> [EXERCISE]:
If a record contains a picture, leave the picture out and reproduce everything else exactly.

> [EXCERPTED DATA]:
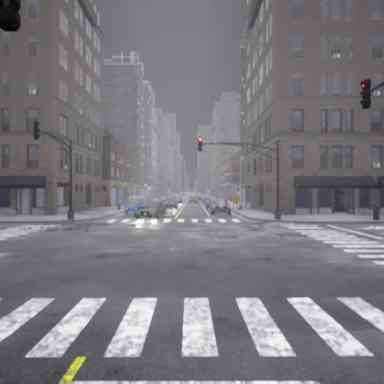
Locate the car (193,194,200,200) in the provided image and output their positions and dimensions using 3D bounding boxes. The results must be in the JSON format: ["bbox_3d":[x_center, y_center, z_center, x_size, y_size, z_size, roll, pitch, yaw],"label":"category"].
[{"bbox_3d":[1.140,1.411,89.751,1.801,1.575,5.366,0,0,0],"label":"car"}]

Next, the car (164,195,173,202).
[{"bbox_3d":[-5.549,1.490,78.766,1.752,1.417,4.829,0,0,0],"label":"car"}]

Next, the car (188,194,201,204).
[{"bbox_3d":[0.247,1.577,63.159,1.895,1.301,4.718,0,0,0],"label":"car"}]

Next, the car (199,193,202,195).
[{"bbox_3d":[2.932,1.524,67.574,2.008,1.369,4.403,0,0,0],"label":"car"}]

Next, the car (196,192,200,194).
[{"bbox_3d":[0.287,1.262,73.132,1.882,1.535,5.008,0,0,0],"label":"car"}]

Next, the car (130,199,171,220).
[{"bbox_3d":[-3.429,1.553,28.119,1.994,1.385,4.181,0,0,8],"label":"car"}]

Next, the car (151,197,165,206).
[{"bbox_3d":[-5.639,1.545,56.264,1.947,1.339,4.313,0,0,0],"label":"car"}]

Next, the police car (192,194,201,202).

> [YOUR RESPONSE]:
Locate the car (193,194,200,200) in the provided image and output their positions and dimensions using 3D bounding boxes. The results must be in the JSON format: ["bbox_3d":[x_center, y_center, z_center, x_size, y_size, z_size, roll, pitch, yaw],"label":"category"].
[{"bbox_3d":[1.140,1.411,89.751,1.801,1.575,5.366,0,0,0],"label":"car"}]

Next, the car (164,195,173,202).
[{"bbox_3d":[-5.549,1.490,78.766,1.752,1.417,4.829,0,0,0],"label":"car"}]

Next, the car (188,194,201,204).
[{"bbox_3d":[0.247,1.577,63.159,1.895,1.301,4.718,0,0,0],"label":"car"}]

Next, the car (199,193,202,195).
[{"bbox_3d":[2.932,1.524,67.574,2.008,1.369,4.403,0,0,0],"label":"car"}]

Next, the car (196,192,200,194).
[{"bbox_3d":[0.287,1.262,73.132,1.882,1.535,5.008,0,0,0],"label":"car"}]

Next, the car (130,199,171,220).
[{"bbox_3d":[-3.429,1.553,28.119,1.994,1.385,4.181,0,0,8],"label":"car"}]

Next, the car (151,197,165,206).
[{"bbox_3d":[-5.639,1.545,56.264,1.947,1.339,4.313,0,0,0],"label":"car"}]

Next, the police car (192,194,201,202).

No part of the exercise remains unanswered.